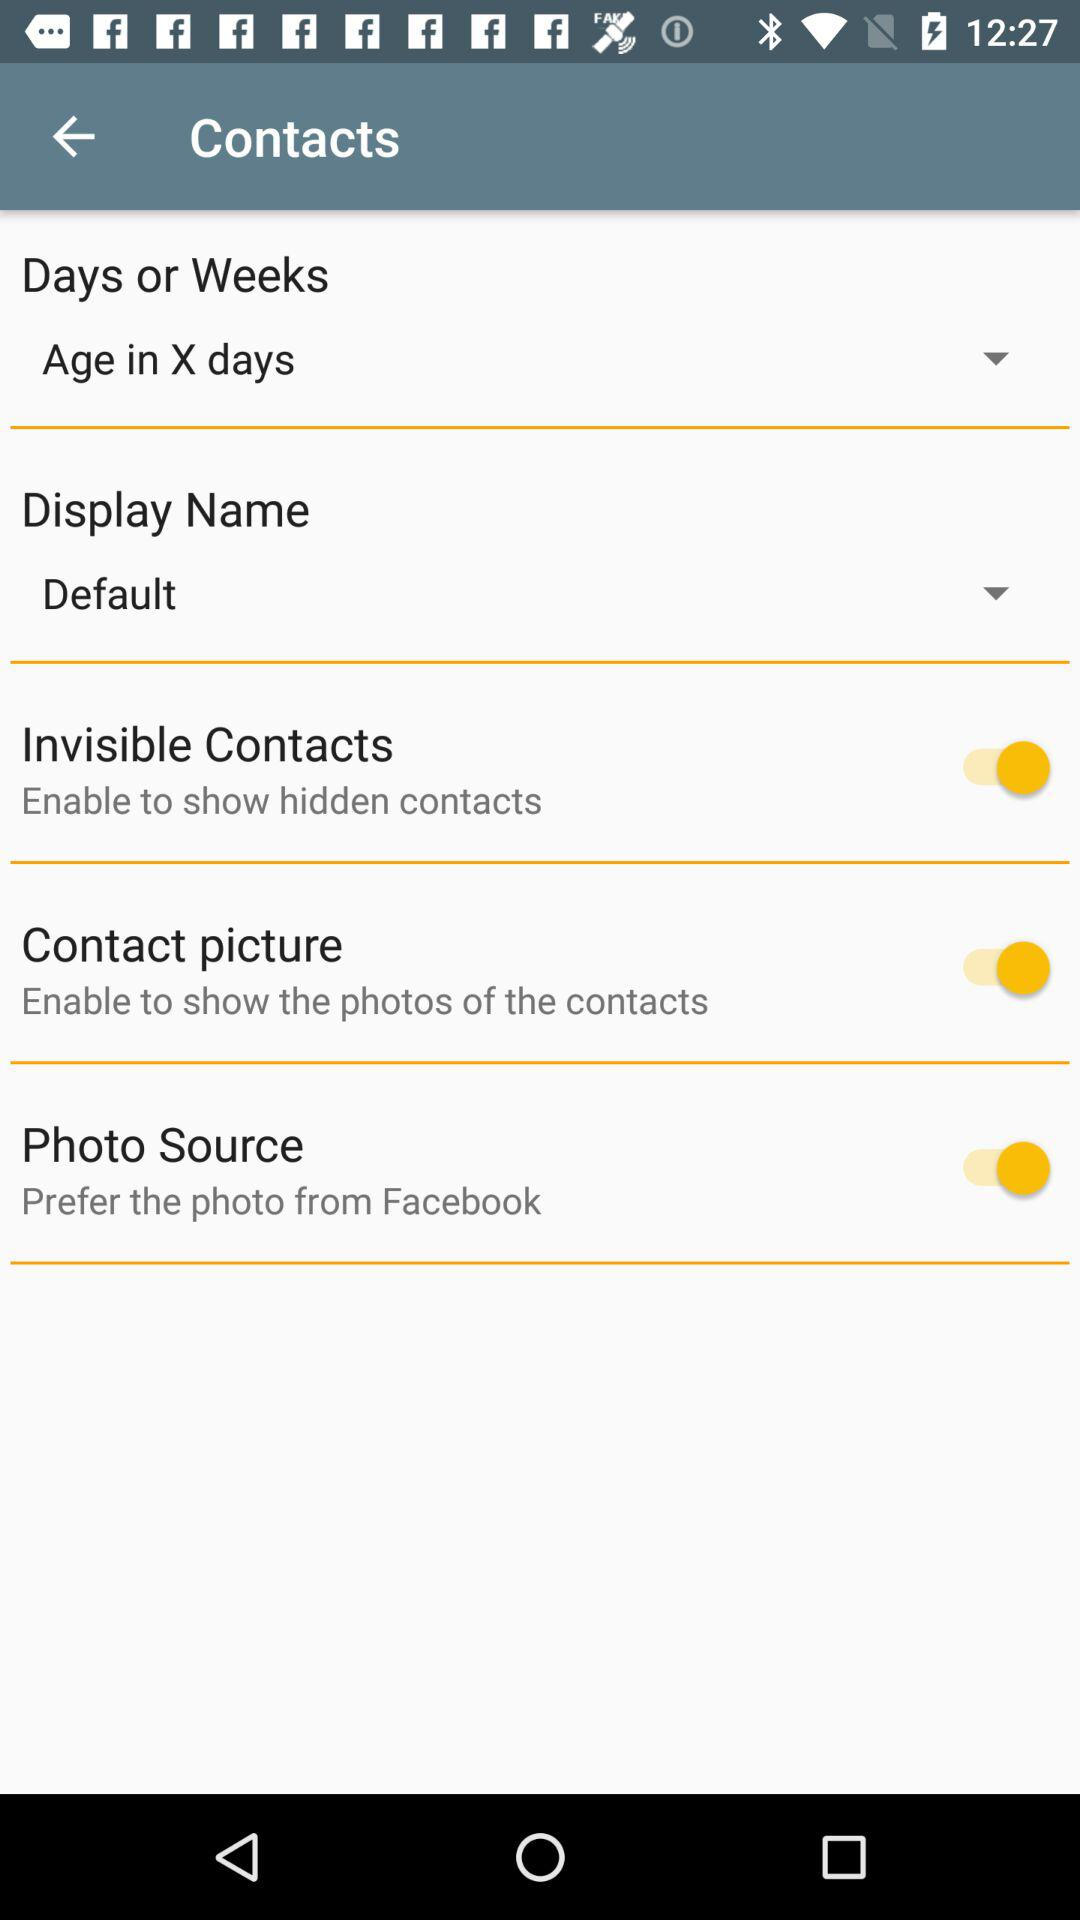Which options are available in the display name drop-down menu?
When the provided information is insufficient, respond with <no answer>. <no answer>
******************************
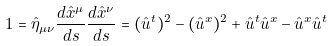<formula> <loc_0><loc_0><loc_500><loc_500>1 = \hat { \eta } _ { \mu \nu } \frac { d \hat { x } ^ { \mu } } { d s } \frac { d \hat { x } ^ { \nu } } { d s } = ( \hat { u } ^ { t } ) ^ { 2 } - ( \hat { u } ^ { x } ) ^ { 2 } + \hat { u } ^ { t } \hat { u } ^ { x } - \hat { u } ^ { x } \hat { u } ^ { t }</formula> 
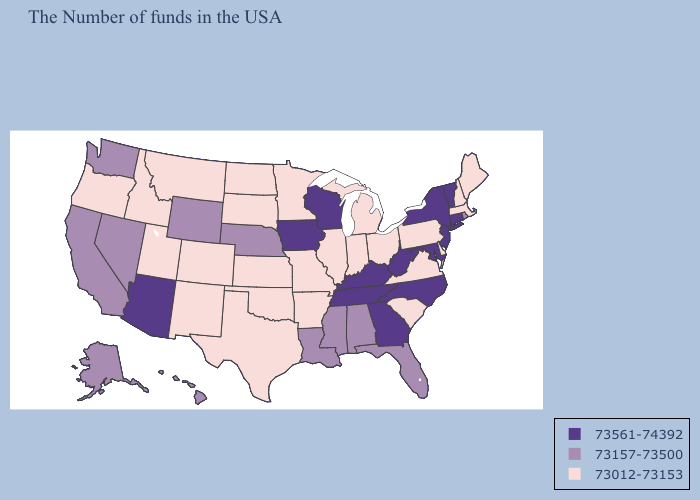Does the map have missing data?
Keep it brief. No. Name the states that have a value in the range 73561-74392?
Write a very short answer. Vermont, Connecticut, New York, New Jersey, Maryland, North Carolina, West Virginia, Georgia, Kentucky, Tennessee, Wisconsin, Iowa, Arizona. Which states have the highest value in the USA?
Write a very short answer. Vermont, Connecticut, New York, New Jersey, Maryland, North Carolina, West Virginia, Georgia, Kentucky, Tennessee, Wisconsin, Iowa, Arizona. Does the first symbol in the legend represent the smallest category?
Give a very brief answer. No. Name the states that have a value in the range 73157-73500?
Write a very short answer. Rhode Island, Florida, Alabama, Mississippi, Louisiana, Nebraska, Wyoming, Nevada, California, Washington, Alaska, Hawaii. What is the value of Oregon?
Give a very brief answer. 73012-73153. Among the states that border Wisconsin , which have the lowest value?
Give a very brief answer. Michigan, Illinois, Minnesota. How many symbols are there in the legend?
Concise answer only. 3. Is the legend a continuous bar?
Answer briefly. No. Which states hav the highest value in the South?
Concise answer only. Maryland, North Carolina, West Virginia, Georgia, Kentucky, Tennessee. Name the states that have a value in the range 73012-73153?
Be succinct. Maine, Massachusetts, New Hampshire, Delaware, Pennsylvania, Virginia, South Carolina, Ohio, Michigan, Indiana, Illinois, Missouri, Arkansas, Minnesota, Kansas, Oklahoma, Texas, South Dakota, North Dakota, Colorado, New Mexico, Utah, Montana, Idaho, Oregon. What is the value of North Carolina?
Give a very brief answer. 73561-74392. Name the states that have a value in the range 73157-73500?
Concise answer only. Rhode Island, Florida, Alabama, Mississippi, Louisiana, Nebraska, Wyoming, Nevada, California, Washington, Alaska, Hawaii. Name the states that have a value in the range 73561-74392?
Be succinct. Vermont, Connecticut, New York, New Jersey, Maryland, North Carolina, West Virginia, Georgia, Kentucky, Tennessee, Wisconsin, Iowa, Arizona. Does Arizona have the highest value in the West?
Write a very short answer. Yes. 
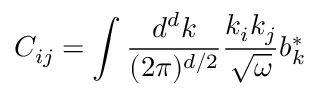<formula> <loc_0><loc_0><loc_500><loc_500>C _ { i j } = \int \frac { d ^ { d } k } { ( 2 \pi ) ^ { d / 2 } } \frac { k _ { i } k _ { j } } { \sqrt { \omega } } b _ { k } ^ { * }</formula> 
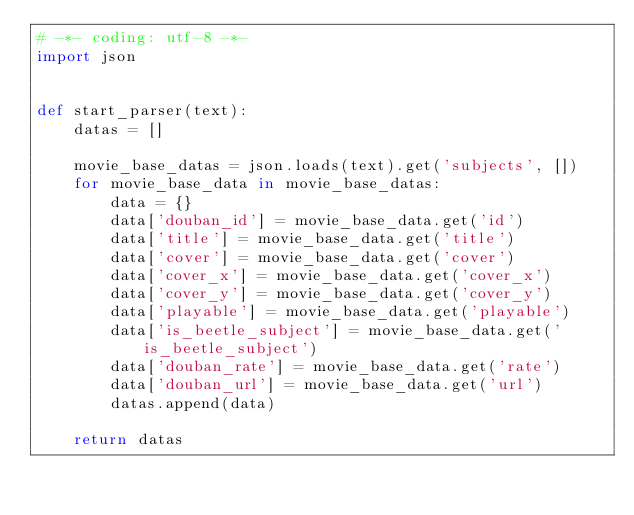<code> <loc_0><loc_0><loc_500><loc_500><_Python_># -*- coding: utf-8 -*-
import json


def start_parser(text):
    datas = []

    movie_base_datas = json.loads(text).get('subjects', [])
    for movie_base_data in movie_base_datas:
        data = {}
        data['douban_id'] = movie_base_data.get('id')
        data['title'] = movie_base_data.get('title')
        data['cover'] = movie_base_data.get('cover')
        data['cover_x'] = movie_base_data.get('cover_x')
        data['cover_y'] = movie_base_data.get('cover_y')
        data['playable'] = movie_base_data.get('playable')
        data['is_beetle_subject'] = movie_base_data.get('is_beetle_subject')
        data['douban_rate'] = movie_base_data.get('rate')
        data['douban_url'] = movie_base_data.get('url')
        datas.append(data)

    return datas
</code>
******************************
*Work item:* From the entries above, write out only the lines starting at the line that holds "Give a very brief answer. 73561-74392." and ending at the line that holds "Concise answer only. Rhode", keeping both and matching them exactly.

*Solved problem:*
Give a very brief answer. 73561-74392. Name the states that have a value in the range 73157-73500?
Concise answer only. Rhode Island, Florida, Alabama, Mississippi, Louisiana, Nebraska, Wyoming, Nevada, California, Washington, Alaska, Hawaii. Name the states that have a value in the range 73561-74392?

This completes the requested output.